Am I the only one who goes crazy from the reversed audio channels? :P Great video, as always!
Sorry about that Maciek
Global Cycling Network apology accepted ;) Keep up the great work!
Check out the part of the Old Croton Aquaduct Trail through Tarrytown, NY.
7:14 obviously, the bike path used to be the road's curb, and the house was built next to the road (or the road next to the house), and then they converted the road into a bike path, without considering the ramifications
7:55 German traffic code says that while yes, you are legally obliged to use this "bike path" that it also must be possible to use it. Since there's no bike path here, you are not legally obliged to use it. But you might then have to deal with some angry car drivers. Don't know which one is better.
Glad to see the San Francisco made it on the list but there are far worse examples than that here
The "share the road" sign is there because the bike lane is closed up ahead for construction. It's a message to cars that bikes will be in the driving lane soon, and blocks the lane to let bikes know they' ll have to enter the driving lane. You can even see signs of the bike lane closure in the image. It is a clumsy implementation of it, but that's par for the course. Better than how it used to be, where there would just be a closed bike lane suddenly with no affordances, or a "bike lane closed" sign accidentally implying that bikes are not allowed on the road.
They recently extended a bike lane near Havant that was half a yard long.
3:11 looks like it used to be a biking island before they pushed the road(s) further apart for the park.
Hahaha that Hong Kong bike path 😂 the ones at Tai Mei Tuk are quite the adventure
The Venice Munich cycle path was damaged by the Vaia storm on October 29, 2018. This storm brought down several million trees in Veneto, Friuli and Trentino with gusts of wind up to 200 km / h.
2:45 that's a bike road access point, not the (left-right going) bike road itself. (the gutter is only there so that you don't have to lift your bike while climbing the stairs)
Epic bike lane in Hong Kong 😂😂😂
Well done guys, love the humour, how about drooling over the 10 Best Cycleways...
6:06 at least its longer then it is wide
I have been living 100 meters away from the Tama river for more than 10 years, and have gone up and down the whole length of the Tama cycling road dozens of times. I know every bit of it, on both sides of the river, and can assure you that the cycling road DOES NOT pass there. Many low bridges (especially for trains) are along the path, but the cycling road dips down at the foot of the embankment to go under them, there is no need to stay on top of the embankment (where the pic was taken). This is a completely misleading picture, and whoever sent it to you is being dishonest.
7:03 That's a really old looking house, most likely the owners didn't want to agree to a deal to move and make way for road construction so they just built the road right up into the house, leaving not enough room for the bike lane.
So when are we going to see a Si vs Hank breakdance comp? For science, clearly.
6:36, most of those are only meant to make it easier to end your bike trip. (and half of them lead to the back walks, making it easier to reach your back yard on bike)

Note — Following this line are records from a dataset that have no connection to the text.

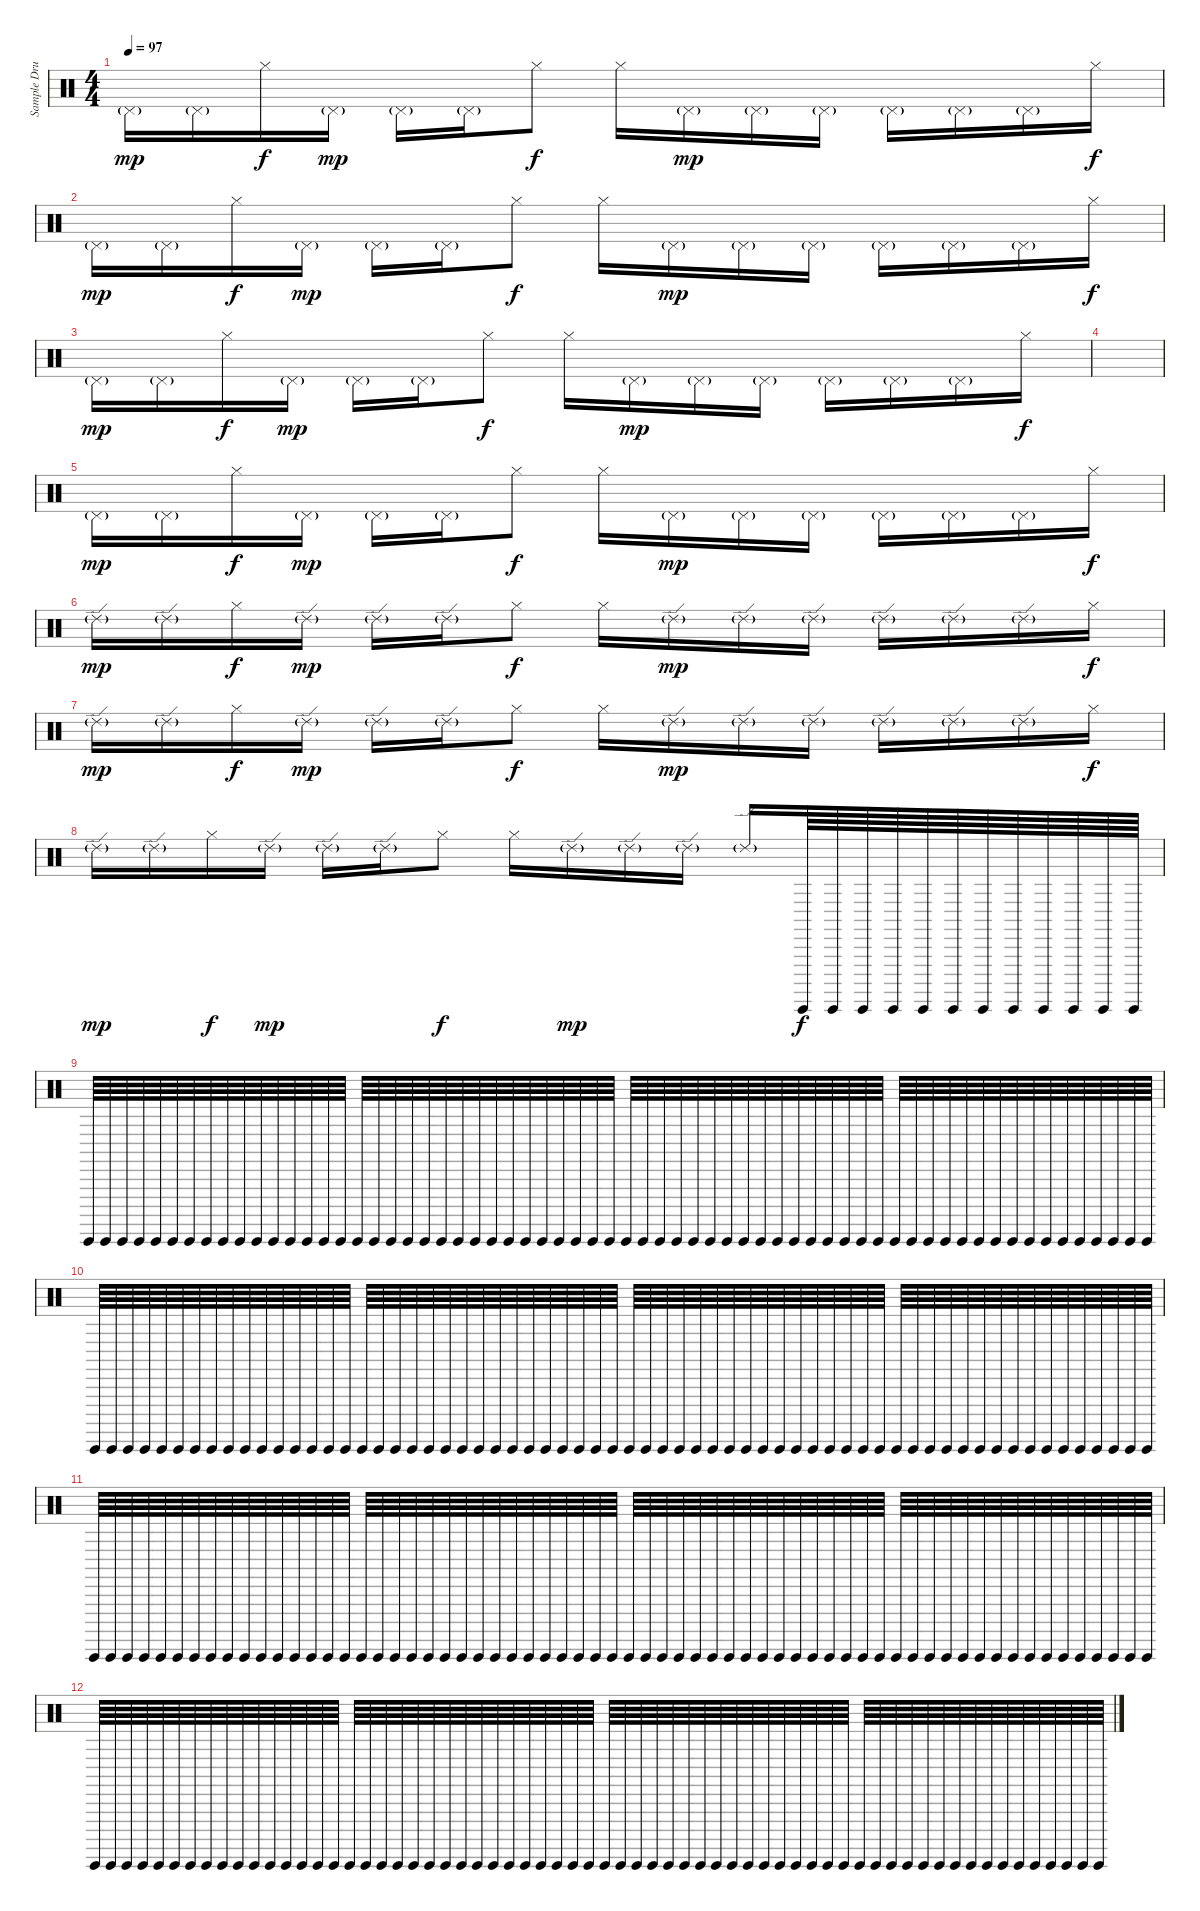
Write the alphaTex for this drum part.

\track ("Sample Drums" "Sample Dru") {instrument percussion}
\staff {score}
\articulation defaults
\ts (4 4)
\tempo 97
\clef neutral
\ks c "Pedal Hi-Hat (hit)"{g}.16{dy mp} "Pedal Hi-Hat (hit)"{g}.16 "Hi-Hat (closed)".16{dy f} "Pedal Hi-Hat (hit)"{g}.16{dy mp} "Pedal Hi-Hat (hit)"{g}.16 "Pedal Hi-Hat (hit)"{g}.16 "Hi-Hat (closed)".8{dy f} "Hi-Hat (closed)".16 "Pedal Hi-Hat (hit)"{g}.16{dy mp} "Pedal Hi-Hat (hit)"{g}.16 "Pedal Hi-Hat (hit)"{g}.16 "Pedal Hi-Hat (hit)"{g}.16 "Pedal Hi-Hat (hit)"{g}.16 "Pedal Hi-Hat (hit)"{g}.16 "Hi-Hat (closed)".16{dy f}
|
"Pedal Hi-Hat (hit)"{g}.16{dy mp} "Pedal Hi-Hat (hit)"{g}.16 "Hi-Hat (closed)".16{dy f} "Pedal Hi-Hat (hit)"{g}.16{dy mp} "Pedal Hi-Hat (hit)"{g}.16 "Pedal Hi-Hat (hit)"{g}.16 "Hi-Hat (closed)".8{dy f} "Hi-Hat (closed)".16 "Pedal Hi-Hat (hit)"{g}.16{dy mp} "Pedal Hi-Hat (hit)"{g}.16 "Pedal Hi-Hat (hit)"{g}.16 "Pedal Hi-Hat (hit)"{g}.16 "Pedal Hi-Hat (hit)"{g}.16 "Pedal Hi-Hat (hit)"{g}.16 "Hi-Hat (closed)".16{dy f} |
"Pedal Hi-Hat (hit)"{g}.16{dy mp} "Pedal Hi-Hat (hit)"{g}.16 "Hi-Hat (closed)".16{dy f} "Pedal Hi-Hat (hit)"{g}.16{dy mp} "Pedal Hi-Hat (hit)"{g}.16 "Pedal Hi-Hat (hit)"{g}.16 "Hi-Hat (closed)".8{dy f} "Hi-Hat (closed)".16 "Pedal Hi-Hat (hit)"{g}.16{dy mp} "Pedal Hi-Hat (hit)"{g}.16 "Pedal Hi-Hat (hit)"{g}.16 "Pedal Hi-Hat (hit)"{g}.16 "Pedal Hi-Hat (hit)"{g}.16 "Pedal Hi-Hat (hit)"{g}.16 "Hi-Hat (closed)".16{dy f} |
|
"Pedal Hi-Hat (hit)"{g}.16{dy mp} "Pedal Hi-Hat (hit)"{g}.16 "Hi-Hat (closed)".16{dy f} "Pedal Hi-Hat (hit)"{g}.16{dy mp} "Pedal Hi-Hat (hit)"{g}.16 "Pedal Hi-Hat (hit)"{g}.16 "Hi-Hat (closed)".8{dy f} "Hi-Hat (closed)".16 "Pedal Hi-Hat (hit)"{g}.16{dy mp} "Pedal Hi-Hat (hit)"{g}.16 "Pedal Hi-Hat (hit)"{g}.16 "Pedal Hi-Hat (hit)"{g}.16 "Pedal Hi-Hat (hit)"{g}.16 "Pedal Hi-Hat (hit)"{g}.16 "Hi-Hat (closed)".16{dy f} |
"Ride (edge) 2"{g}.16{dy mp} "Ride (edge) 2"{g}.16 "Hi-Hat (closed)".16{dy f} "Ride (edge) 2"{g}.16{dy mp} "Ride (edge) 2"{g}.16 "Ride (edge) 2"{g}.16 "Hi-Hat (closed)".8{dy f} "Hi-Hat (closed)".16 "Ride (edge) 2"{g}.16{dy mp} "Ride (edge) 2"{g}.16 "Ride (edge) 2"{g}.16 "Ride (edge) 2"{g}.16 "Ride (edge) 2"{g}.16 "Ride (edge) 2"{g}.16 "Hi-Hat (closed)".16{dy f} |
"Ride (edge) 2"{g}.16{dy mp} "Ride (edge) 2"{g}.16 "Hi-Hat (closed)".16{dy f} "Ride (edge) 2"{g}.16{dy mp} "Ride (edge) 2"{g}.16 "Ride (edge) 2"{g}.16 "Hi-Hat (closed)".8{dy f} "Hi-Hat (closed)".16 "Ride (edge) 2"{g}.16{dy mp} "Ride (edge) 2"{g}.16 "Ride (edge) 2"{g}.16 "Ride (edge) 2"{g}.16 "Ride (edge) 2"{g}.16 "Ride (edge) 2"{g}.16 "Hi-Hat (closed)".16{dy f} |
"Ride (edge) 2"{g}.16{dy mp} "Ride (edge) 2"{g}.16 "Hi-Hat (closed)".16{dy f} "Ride (edge) 2"{g}.16{dy mp} "Ride (edge) 2"{g}.16 "Ride (edge) 2"{g}.16 "Hi-Hat (closed)".8{dy f} "Hi-Hat (closed)".16 "Ride (edge) 2"{g}.16{dy mp} "Ride (edge) 2"{g}.16 "Ride (edge) 2"{g}.16 "Ride (edge) 2"{g}.16 "Guiro (hit)".64{dy f} "Guiro (hit)".64 "Guiro (hit)".64 "Guiro (hit)".64 "Guiro (hit)".64 "Guiro (hit)".64 "Guiro (hit)".64 "Guiro (hit)".64 "Guiro (hit)".64 "Guiro (hit)".64 "Guiro (hit)".64 "Guiro (hit)".64 |
"Guiro (hit)".64 "Guiro (hit)".64 "Guiro (hit)".64 "Guiro (hit)".64 "Guiro (hit)".64 "Guiro (hit)".64 "Guiro (hit)".64 "Guiro (hit)".64 "Guiro (hit)".64 "Guiro (hit)".64 "Guiro (hit)".64 "Guiro (hit)".64 "Guiro (hit)".64 "Guiro (hit)".64 "Guiro (hit)".64 "Guiro (hit)".64 "Guiro (hit)".64 "Guiro (hit)".64 "Guiro (hit)".64 "Guiro (hit)".64 "Guiro (hit)".64 "Guiro (hit)".64 "Guiro (hit)".64 "Guiro (hit)".64 "Guiro (hit)".64 "Guiro (hit)".64 "Guiro (hit)".64 "Guiro (hit)".64 "Guiro (hit)".64 "Guiro (hit)".64 "Guiro (hit)".64 "Guiro (hit)".64 "Guiro (hit)".64 "Guiro (hit)".64 "Guiro (hit)".64 "Guiro (hit)".64 "Guiro (hit)".64 "Guiro (hit)".64 "Guiro (hit)".64 "Guiro (hit)".64 "Guiro (hit)".64 "Guiro (hit)".64 "Guiro (hit)".64 "Guiro (hit)".64 "Guiro (hit)".64 "Guiro (hit)".64 "Guiro (hit)".64 "Guiro (hit)".64 "Guiro (hit)".64 "Guiro (hit)".64 "Guiro (hit)".64 "Guiro (hit)".64 "Guiro (hit)".64 "Guiro (hit)".64 "Guiro (hit)".64 "Guiro (hit)".64 "Guiro (hit)".64 "Guiro (hit)".64 "Guiro (hit)".64 "Guiro (hit)".64 "Guiro (hit)".64 "Guiro (hit)".64 "Guiro (hit)".64 "Guiro (hit)".64 |
"Guiro (hit)".64 "Guiro (hit)".64 "Guiro (hit)".64 "Guiro (hit)".64 "Guiro (hit)".64 "Guiro (hit)".64 "Guiro (hit)".64 "Guiro (hit)".64 "Guiro (hit)".64 "Guiro (hit)".64 "Guiro (hit)".64 "Guiro (hit)".64 "Guiro (hit)".64 "Guiro (hit)".64 "Guiro (hit)".64 "Guiro (hit)".64 "Guiro (hit)".64 "Guiro (hit)".64 "Guiro (hit)".64 "Guiro (hit)".64 "Guiro (hit)".64 "Guiro (hit)".64 "Guiro (hit)".64 "Guiro (hit)".64 "Guiro (hit)".64 "Guiro (hit)".64 "Guiro (hit)".64 "Guiro (hit)".64 "Guiro (hit)".64 "Guiro (hit)".64 "Guiro (hit)".64 "Guiro (hit)".64 "Guiro (hit)".64 "Guiro (hit)".64 "Guiro (hit)".64 "Guiro (hit)".64 "Guiro (hit)".64 "Guiro (hit)".64 "Guiro (hit)".64 "Guiro (hit)".64 "Guiro (hit)".64 "Guiro (hit)".64 "Guiro (hit)".64 "Guiro (hit)".64 "Guiro (hit)".64 "Guiro (hit)".64 "Guiro (hit)".64 "Guiro (hit)".64 "Guiro (hit)".64 "Guiro (hit)".64 "Guiro (hit)".64 "Guiro (hit)".64 "Guiro (hit)".64 "Guiro (hit)".64 "Guiro (hit)".64 "Guiro (hit)".64 "Guiro (hit)".64 "Guiro (hit)".64 "Guiro (hit)".64 "Guiro (hit)".64 "Guiro (hit)".64 "Guiro (hit)".64 "Guiro (hit)".64 "Guiro (hit)".64 |
"Guiro (hit)".64 "Guiro (hit)".64 "Guiro (hit)".64 "Guiro (hit)".64 "Guiro (hit)".64 "Guiro (hit)".64 "Guiro (hit)".64 "Guiro (hit)".64 "Guiro (hit)".64 "Guiro (hit)".64 "Guiro (hit)".64 "Guiro (hit)".64 "Guiro (hit)".64 "Guiro (hit)".64 "Guiro (hit)".64 "Guiro (hit)".64 "Guiro (hit)".64 "Guiro (hit)".64 "Guiro (hit)".64 "Guiro (hit)".64 "Guiro (hit)".64 "Guiro (hit)".64 "Guiro (hit)".64 "Guiro (hit)".64 "Guiro (hit)".64 "Guiro (hit)".64 "Guiro (hit)".64 "Guiro (hit)".64 "Guiro (hit)".64 "Guiro (hit)".64 "Guiro (hit)".64 "Guiro (hit)".64 "Guiro (hit)".64 "Guiro (hit)".64 "Guiro (hit)".64 "Guiro (hit)".64 "Guiro (hit)".64 "Guiro (hit)".64 "Guiro (hit)".64 "Guiro (hit)".64 "Guiro (hit)".64 "Guiro (hit)".64 "Guiro (hit)".64 "Guiro (hit)".64 "Guiro (hit)".64 "Guiro (hit)".64 "Guiro (hit)".64 "Guiro (hit)".64 "Guiro (hit)".64 "Guiro (hit)".64 "Guiro (hit)".64 "Guiro (hit)".64 "Guiro (hit)".64 "Guiro (hit)".64 "Guiro (hit)".64 "Guiro (hit)".64 "Guiro (hit)".64 "Guiro (hit)".64 "Guiro (hit)".64 "Guiro (hit)".64 "Guiro (hit)".64 "Guiro (hit)".64 "Guiro (hit)".64 "Guiro (hit)".64 |
"Guiro (hit)".64 "Guiro (hit)".64 "Guiro (hit)".64 "Guiro (hit)".64 "Guiro (hit)".64 "Guiro (hit)".64 "Guiro (hit)".64 "Guiro (hit)".64 "Guiro (hit)".64 "Guiro (hit)".64 "Guiro (hit)".64 "Guiro (hit)".64 "Guiro (hit)".64 "Guiro (hit)".64 "Guiro (hit)".64 "Guiro (hit)".64 "Guiro (hit)".64 "Guiro (hit)".64 "Guiro (hit)".64 "Guiro (hit)".64 "Guiro (hit)".64 "Guiro (hit)".64 "Guiro (hit)".64 "Guiro (hit)".64 "Guiro (hit)".64 "Guiro (hit)".64 "Guiro (hit)".64 "Guiro (hit)".64 "Guiro (hit)".64 "Guiro (hit)".64 "Guiro (hit)".64 "Guiro (hit)".64 "Guiro (hit)".64 "Guiro (hit)".64 "Guiro (hit)".64 "Guiro (hit)".64 "Guiro (hit)".64 "Guiro (hit)".64 "Guiro (hit)".64 "Guiro (hit)".64 "Guiro (hit)".64 "Guiro (hit)".64 "Guiro (hit)".64 "Guiro (hit)".64 "Guiro (hit)".64 "Guiro (hit)".64 "Guiro (hit)".64 "Guiro (hit)".64 "Guiro (hit)".64 "Guiro (hit)".64 "Guiro (hit)".64 "Guiro (hit)".64 "Guiro (hit)".64 "Guiro (hit)".64 "Guiro (hit)".64 "Guiro (hit)".64 "Guiro (hit)".64 "Guiro (hit)".64 "Guiro (hit)".64 "Guiro (hit)".64 "Guiro (hit)".64 "Guiro (hit)".64 "Guiro (hit)".64 "Guiro (hit)".64

San Diego has a sign posted "Bicycles may use traffic lane". Posted limit is 45 mph but actual speeds are more like 55-60 mph since they don't write speed tickets. What are they thinking?
0:51, Peter sagan:
Hold my electrolytes
Please, race the worst bike paths. Make it official. I want to see a peloton!
Don't worry.Nothing's worse than in Singapore,where the 'bike paths' are more like pedestrian paths(you'll see more pedestrians there than on their own path),and some of the bike paths deserve to be called mtb trails(its like riding over mound after mound of dirt).
I would have simply moved that "share the road sign" into the middle of the road.